August 2015 Issue of Wines & Vines

Successful Small Wineries Know Their Core Competencies

by Andy Starr
Navarro Bottling Line
Bottling in-house provides Navarro Vineyards with flexible scheduling.

Let’s start with two definitions. Core competencies are the unique abilities a company develops that cannot be easily imitated. Non-core competencies are headaches you should probably outsource.

Owning or running a winery is supposedly the No. 1 “second career” choice of middle-aged executives, especially those who wear uncomfortable clothes to work in the steel and glass cages commonly known as traditional offices. Like well-dressed prisoners on furlough, office workers visit wineries on the weekends and imagine how magical it would be to top off barrels all day. Those of us in the business know the real story is a little different.

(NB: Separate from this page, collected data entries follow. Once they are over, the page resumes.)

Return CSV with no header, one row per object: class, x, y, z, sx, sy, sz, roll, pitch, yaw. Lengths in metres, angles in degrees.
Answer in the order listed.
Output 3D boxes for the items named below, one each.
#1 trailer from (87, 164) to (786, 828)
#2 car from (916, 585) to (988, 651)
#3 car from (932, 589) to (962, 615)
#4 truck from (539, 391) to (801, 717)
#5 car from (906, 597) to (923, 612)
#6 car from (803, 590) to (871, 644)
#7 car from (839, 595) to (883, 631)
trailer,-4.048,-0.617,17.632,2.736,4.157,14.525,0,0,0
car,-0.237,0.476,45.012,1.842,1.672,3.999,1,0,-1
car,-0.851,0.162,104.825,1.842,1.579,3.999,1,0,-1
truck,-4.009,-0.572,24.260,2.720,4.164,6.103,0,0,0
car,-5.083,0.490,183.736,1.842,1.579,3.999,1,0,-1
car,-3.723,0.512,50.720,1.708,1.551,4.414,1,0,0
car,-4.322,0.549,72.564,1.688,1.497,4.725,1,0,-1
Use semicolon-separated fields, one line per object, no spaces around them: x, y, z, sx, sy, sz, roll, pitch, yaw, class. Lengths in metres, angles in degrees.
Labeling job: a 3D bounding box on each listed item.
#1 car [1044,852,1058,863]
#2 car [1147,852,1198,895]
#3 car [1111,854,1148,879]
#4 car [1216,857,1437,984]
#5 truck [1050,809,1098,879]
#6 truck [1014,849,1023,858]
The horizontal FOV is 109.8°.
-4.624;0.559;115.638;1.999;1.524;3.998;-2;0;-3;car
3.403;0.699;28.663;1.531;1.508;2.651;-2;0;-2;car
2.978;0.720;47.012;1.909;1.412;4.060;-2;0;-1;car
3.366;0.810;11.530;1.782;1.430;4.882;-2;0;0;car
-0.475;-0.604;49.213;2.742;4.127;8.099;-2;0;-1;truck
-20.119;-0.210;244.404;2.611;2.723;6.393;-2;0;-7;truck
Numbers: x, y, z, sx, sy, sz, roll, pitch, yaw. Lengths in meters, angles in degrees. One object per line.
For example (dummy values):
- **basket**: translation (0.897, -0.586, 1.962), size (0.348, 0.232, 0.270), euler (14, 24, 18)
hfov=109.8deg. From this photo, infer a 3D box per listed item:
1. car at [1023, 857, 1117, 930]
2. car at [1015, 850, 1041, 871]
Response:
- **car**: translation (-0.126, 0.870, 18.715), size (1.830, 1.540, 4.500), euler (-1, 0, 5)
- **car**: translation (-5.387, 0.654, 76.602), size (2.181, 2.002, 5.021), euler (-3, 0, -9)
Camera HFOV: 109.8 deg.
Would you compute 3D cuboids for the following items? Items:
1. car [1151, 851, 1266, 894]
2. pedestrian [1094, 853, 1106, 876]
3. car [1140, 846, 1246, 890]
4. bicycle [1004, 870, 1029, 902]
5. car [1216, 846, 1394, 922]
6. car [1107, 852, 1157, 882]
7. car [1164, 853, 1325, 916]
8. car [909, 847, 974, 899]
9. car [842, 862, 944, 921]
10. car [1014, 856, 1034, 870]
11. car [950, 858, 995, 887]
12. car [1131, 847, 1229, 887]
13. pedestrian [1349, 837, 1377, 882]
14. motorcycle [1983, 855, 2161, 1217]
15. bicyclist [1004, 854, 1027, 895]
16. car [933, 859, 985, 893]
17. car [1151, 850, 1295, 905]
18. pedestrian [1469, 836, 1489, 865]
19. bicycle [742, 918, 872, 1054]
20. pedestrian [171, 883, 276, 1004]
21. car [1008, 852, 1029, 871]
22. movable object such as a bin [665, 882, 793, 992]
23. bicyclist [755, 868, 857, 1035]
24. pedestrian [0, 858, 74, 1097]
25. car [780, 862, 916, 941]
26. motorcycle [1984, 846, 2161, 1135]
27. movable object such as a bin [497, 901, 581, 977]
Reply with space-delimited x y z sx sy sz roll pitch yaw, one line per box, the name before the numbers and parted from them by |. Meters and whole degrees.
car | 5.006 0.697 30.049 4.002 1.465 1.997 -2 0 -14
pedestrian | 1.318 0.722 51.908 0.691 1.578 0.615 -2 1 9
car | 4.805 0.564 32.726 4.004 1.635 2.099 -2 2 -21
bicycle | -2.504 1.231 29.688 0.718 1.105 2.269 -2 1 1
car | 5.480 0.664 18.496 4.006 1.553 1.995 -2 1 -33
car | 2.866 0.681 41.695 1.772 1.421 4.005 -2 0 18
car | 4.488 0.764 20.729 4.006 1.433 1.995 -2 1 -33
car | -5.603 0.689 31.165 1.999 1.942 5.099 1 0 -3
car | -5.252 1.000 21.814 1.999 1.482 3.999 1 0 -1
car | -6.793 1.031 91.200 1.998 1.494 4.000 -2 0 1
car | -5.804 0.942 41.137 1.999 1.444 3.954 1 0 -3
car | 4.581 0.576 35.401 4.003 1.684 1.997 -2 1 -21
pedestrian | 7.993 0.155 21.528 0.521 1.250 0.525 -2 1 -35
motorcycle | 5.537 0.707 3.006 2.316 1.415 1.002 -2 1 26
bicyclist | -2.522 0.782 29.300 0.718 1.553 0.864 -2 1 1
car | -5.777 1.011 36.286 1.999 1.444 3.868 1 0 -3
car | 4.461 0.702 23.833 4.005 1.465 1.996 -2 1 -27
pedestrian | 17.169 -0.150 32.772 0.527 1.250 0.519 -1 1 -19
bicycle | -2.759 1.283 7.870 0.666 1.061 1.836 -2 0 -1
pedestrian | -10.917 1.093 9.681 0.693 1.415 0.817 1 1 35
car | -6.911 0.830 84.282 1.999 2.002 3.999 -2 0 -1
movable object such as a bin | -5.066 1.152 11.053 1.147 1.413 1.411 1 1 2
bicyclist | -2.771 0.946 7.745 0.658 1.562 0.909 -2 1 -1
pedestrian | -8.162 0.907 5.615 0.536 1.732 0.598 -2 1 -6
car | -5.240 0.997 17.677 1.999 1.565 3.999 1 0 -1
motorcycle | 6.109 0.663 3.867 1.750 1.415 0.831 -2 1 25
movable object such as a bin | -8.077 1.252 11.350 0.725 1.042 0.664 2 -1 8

Most small wineries are run by passionate people obsessed with quality, yet they are limited by what limits all small businesses: capital, time and human resources. Dirt-to-bottle integration sounds great (own and control your vineyards, make wine in your own fully equipped, crush-to-bottle production facility, sell direct to consumer from the tasting room). But while having all of these tasks done well is critical to your success, you have choices as to who does them. After more than 25 years in the wine industry, most of them as a supplier of new technologies, my observation is that successful small operations are quite ruthless in prioritizing what they do themselves and what they allow others to do.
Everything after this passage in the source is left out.